Delphi Image Processing-Gaussian blur

Source: Internet
Author: User

Reading Tips:

Delphi Image ProcessingThe series focuses on efficiency. The general code is Pascal, and the core code is BaSm.

C ++ Image ProcessingThe series focuses on code clarity and readability, and all uses C ++ code.

Make sure that the two items are consistent and can be compared with each other.

The code in this article must include the imagedata. Pas unit in "Delphi Image Processing-data type and public process.

 

Note: The image Gaussian fuzzy processing code is modified most often. Although this modification does not change the algorithm, the processing process has been modified. This alone can increase the processing speed by more than 40% on the original basis. At the same time, the SSE floating-point operation is used to replace the fixed-point operation of the original assembly. In order to facilitate the comparison, and do not want to destroy the original code, the original code is slightly modified and retained. The modified code is appended to the article.

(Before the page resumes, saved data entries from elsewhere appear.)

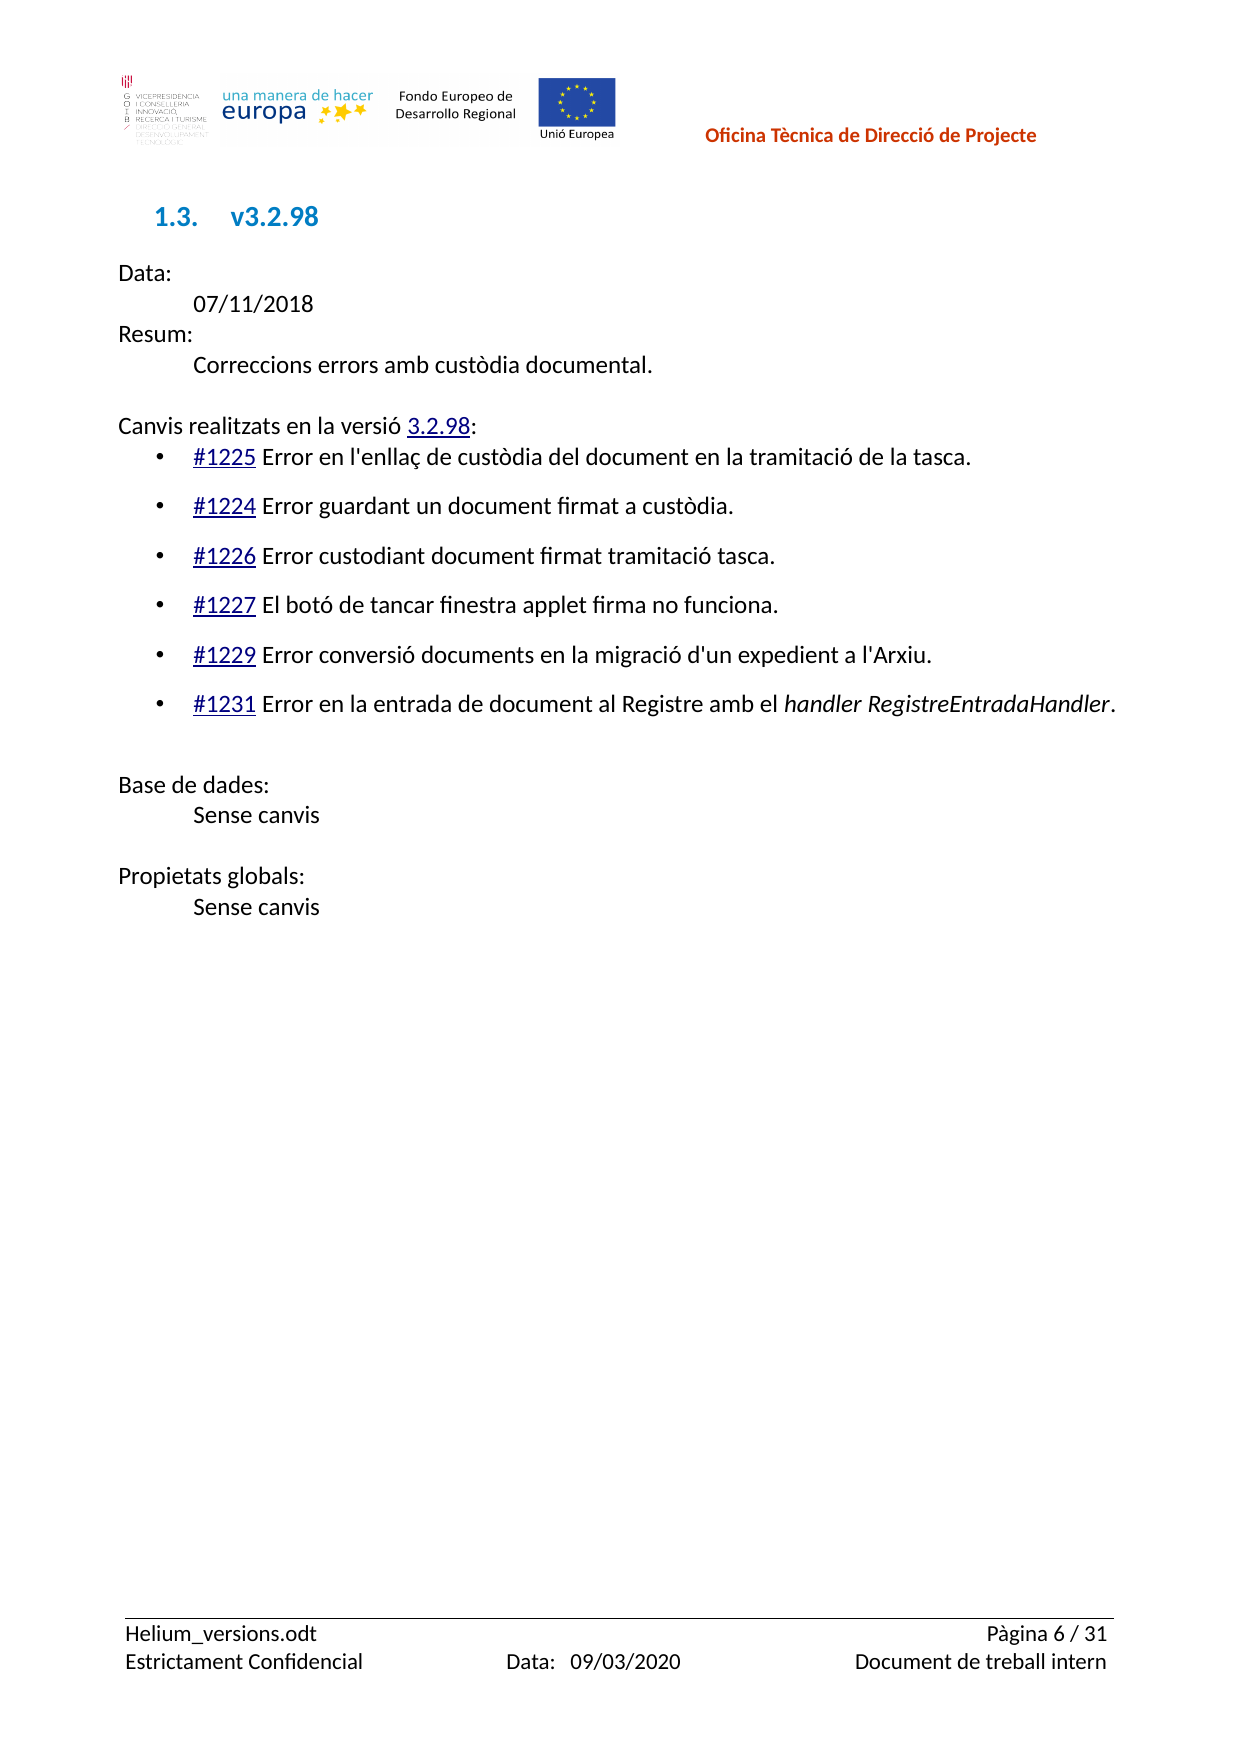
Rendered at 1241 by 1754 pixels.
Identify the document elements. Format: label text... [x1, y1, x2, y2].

list #1229 Error conversió documents en la migració d'un expedient a l'Arxiu. [156, 639, 1122, 669]
text Canvis realitzats en la versió 3.2.98: [118, 410, 1122, 441]
text Data: [118, 258, 1122, 288]
list #1224 Error guardant un document firmat a custòdia. [156, 490, 1122, 521]
list #1227 El botó de tancar finestra applet firma no funciona. [156, 589, 1122, 620]
text Propietats globals: [118, 860, 1122, 891]
text Sense canvis [118, 891, 1122, 921]
text Resum: [118, 319, 1122, 349]
text Sense canvis [118, 799, 1122, 830]
subtitle v3.2.98 [153, 198, 1122, 234]
picture [118, 73, 213, 147]
list #1225 Error en l'enllaç de custòdia del document en la tramitació de la tasca. [156, 441, 1122, 471]
list #1231 Error en la entrada de document al Registre amb el handler RegistreEntradaHandler. [156, 689, 1122, 719]
list #1226 Error custodiant document firmat tramitació tasca. [156, 540, 1122, 570]
text Correccions errors amb custòdia documental. [118, 349, 1122, 380]
text Base de dades: [118, 769, 1122, 799]
picture [219, 73, 621, 147]
text 07/11/2018 [118, 288, 1122, 319]
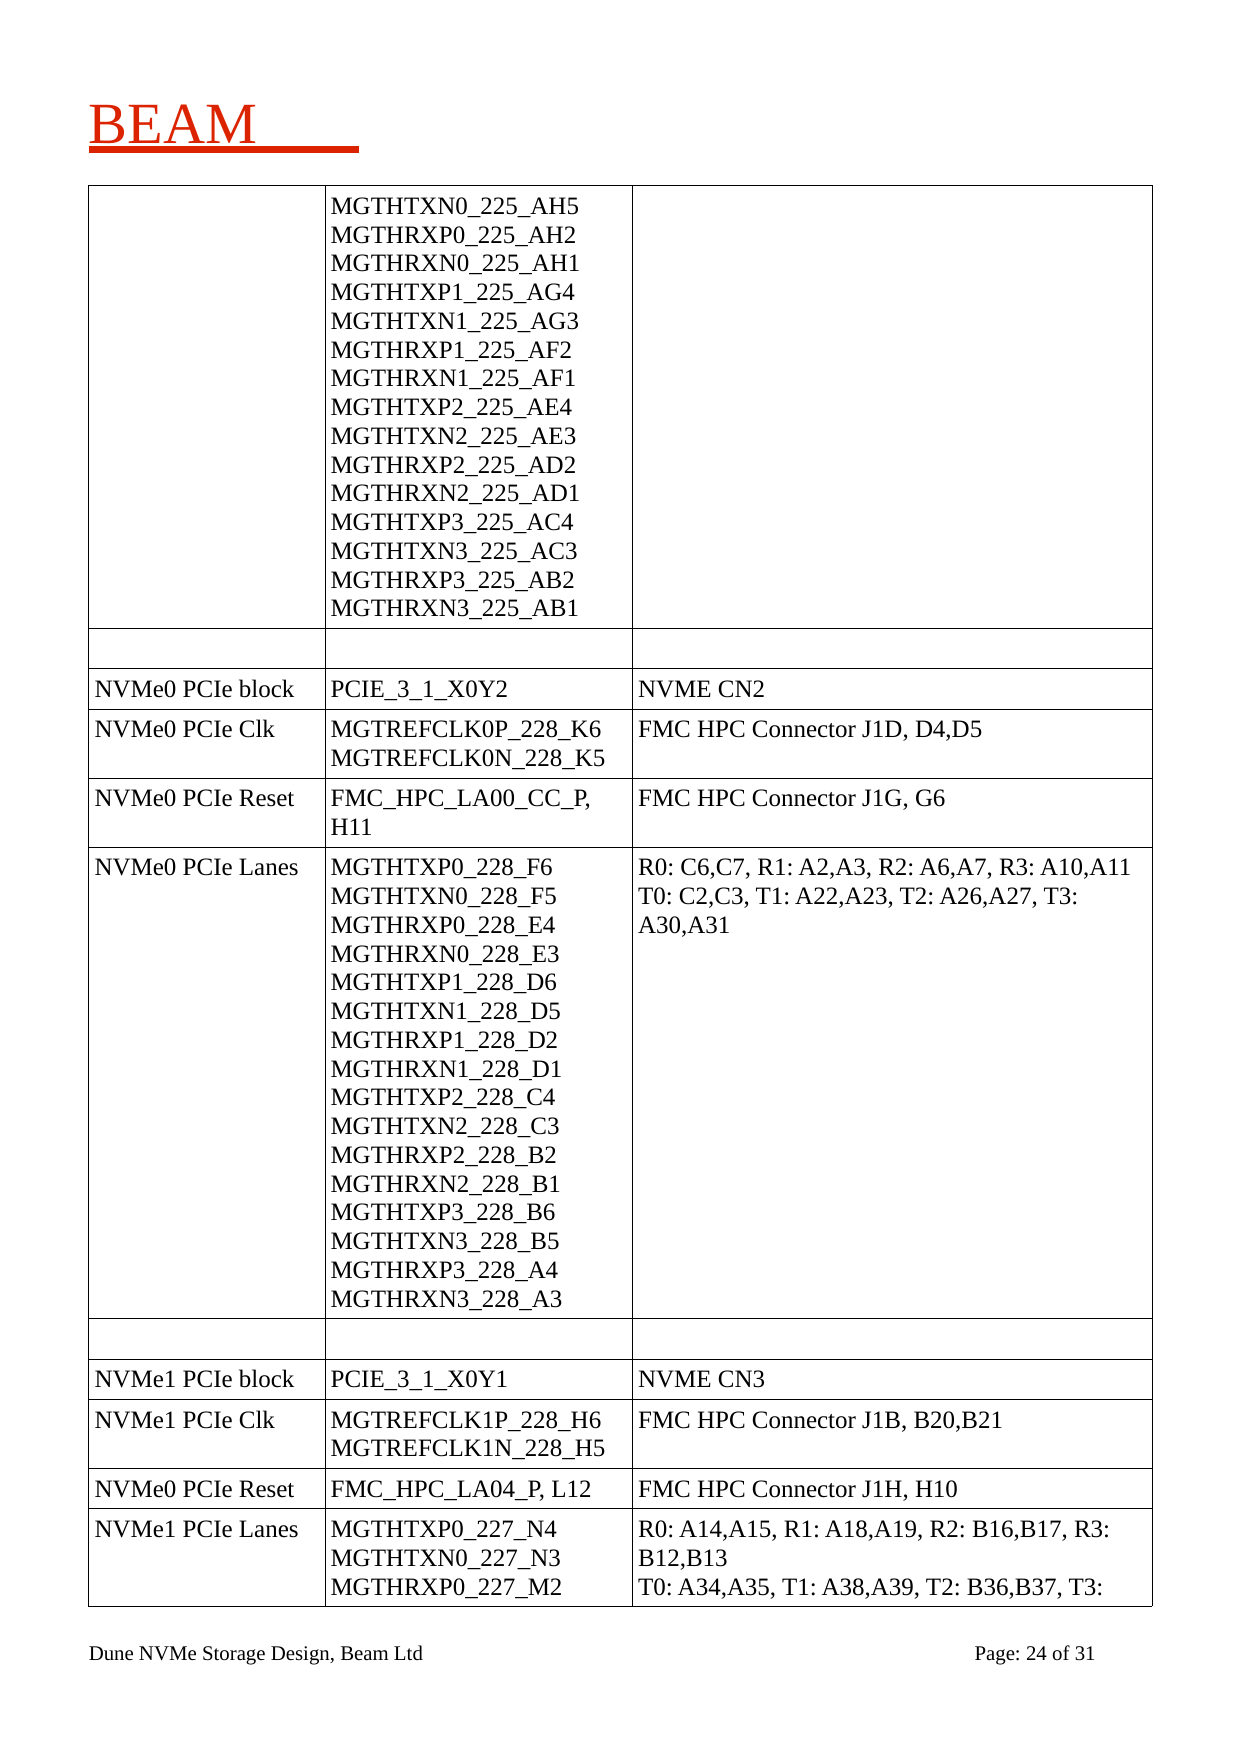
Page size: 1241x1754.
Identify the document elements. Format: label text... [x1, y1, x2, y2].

table_cell [633, 1319, 1152, 1358]
table_cell [633, 629, 1152, 668]
table_cell NVMe1 PCIe Clk [89, 1400, 325, 1468]
table_cell MGTREFCLK1P_228_H6 MGTREFCLK1N_228_H5 [326, 1400, 632, 1468]
table_cell FMC HPC Connector J1H, H10 [633, 1469, 1152, 1508]
table_cell FMC_HPC_LA00_CC_P, H11 [326, 779, 632, 847]
table_cell NVMe0 PCIe Reset [89, 779, 325, 847]
table_cell R0: A14,A15, R1: A18,A19, R2: B16,B17, R3: B12,B13 T0: A34,A35, T1: A38,A39, T2: B36,B37, T3: [633, 1509, 1152, 1606]
table_cell [326, 1319, 632, 1358]
table_cell FMC HPC Connector J1B, B20,B21 [633, 1400, 1152, 1468]
table_cell FMC_HPC_LA04_P, L12 [326, 1469, 632, 1508]
table_cell [326, 629, 632, 668]
table_cell NVMe0 PCIe Lanes [89, 848, 325, 1318]
table_cell NVMe0 PCIe Clk [89, 710, 325, 778]
table_cell [89, 629, 325, 668]
table_cell PCIE_3_1_X0Y1 [326, 1360, 632, 1399]
table_cell [89, 186, 325, 628]
table_cell MGTHTXN0_225_AH5 MGTHRXP0_225_AH2 MGTHRXN0_225_AH1 MGTHTXP1_225_AG4 MGTHTXN1_225_AG3 MGTHRXP1_225_AF2 MGTHRXN1_225_AF1 MGTHTXP2_225_AE4 MGTHTXN2_225_AE3 MGTHRXP2_225_AD2 MGTHRXN2_225_AD1 MGTHTXP3_225_AC4 MGTHTXN3_225_AC3 MGTHRXP3_225_AB2 MGTHRXN3_225_AB1 [326, 186, 632, 628]
table_cell FMC HPC Connector J1G, G6 [633, 779, 1152, 847]
table_cell NVME CN3 [633, 1360, 1152, 1399]
table_cell NVMe0 PCIe Reset [89, 1469, 325, 1508]
table_cell FMC HPC Connector J1D, D4,D5 [633, 710, 1152, 778]
table_cell NVME CN2 [633, 669, 1152, 708]
table_cell MGTHTXP0_227_N4 MGTHTXN0_227_N3 MGTHRXP0_227_M2 [326, 1509, 632, 1606]
table_cell [89, 1319, 325, 1358]
table_cell R0: C6,C7, R1: A2,A3, R2: A6,A7, R3: A10,A11 T0: C2,C3, T1: A22,A23, T2: A26,A27, T3: A30,A31 [633, 848, 1152, 1318]
table_cell [633, 186, 1152, 628]
table_cell NVMe0 PCIe block [89, 669, 325, 708]
table_cell MGTREFCLK0P_228_K6 MGTREFCLK0N_228_K5 [326, 710, 632, 778]
table_cell NVMe1 PCIe block [89, 1360, 325, 1399]
table_cell PCIE_3_1_X0Y2 [326, 669, 632, 708]
table_cell MGTHTXP0_228_F6 MGTHTXN0_228_F5 MGTHRXP0_228_E4 MGTHRXN0_228_E3 MGTHTXP1_228_D6 MGTHTXN1_228_D5 MGTHRXP1_228_D2 MGTHRXN1_228_D1 MGTHTXP2_228_C4 MGTHTXN2_228_C3 MGTHRXP2_228_B2 MGTHRXN2_228_B1 MGTHTXP3_228_B6 MGTHTXN3_228_B5 MGTHRXP3_228_A4 MGTHRXN3_228_A3 [326, 848, 632, 1318]
table_cell NVMe1 PCIe Lanes [89, 1509, 325, 1606]

In my article "Delphi Image Processing-image convolution", I once introduced the use of common image convolution processes to perform Gaussian blur on the image. The processing effect is not bad, it feels okay to process small images, but it is still too slow to process large images, on my P4 2.8 GB and 1 GB memory machines, perform Gaussian fuzzy q = 3, r = 5 on 10 million pixel images, excluding image loading and pre-data conversion, the processing speed has never been significantly improved after several modifications. The main reason is the general convolution process: the convolution template obtained with r = 5 is 11x11 pixels, and each pixel has four components (32-bit argb ), each pixel must be subject to 11*11*4 = 484 multiplication, 484 addition, and 4 Division. Finally, it must be subject to determining whether four components are super-bounded, it's hard to think about it! If you do not use BaSm to Process Code with fixed points, the processing speed is even harder to imagine.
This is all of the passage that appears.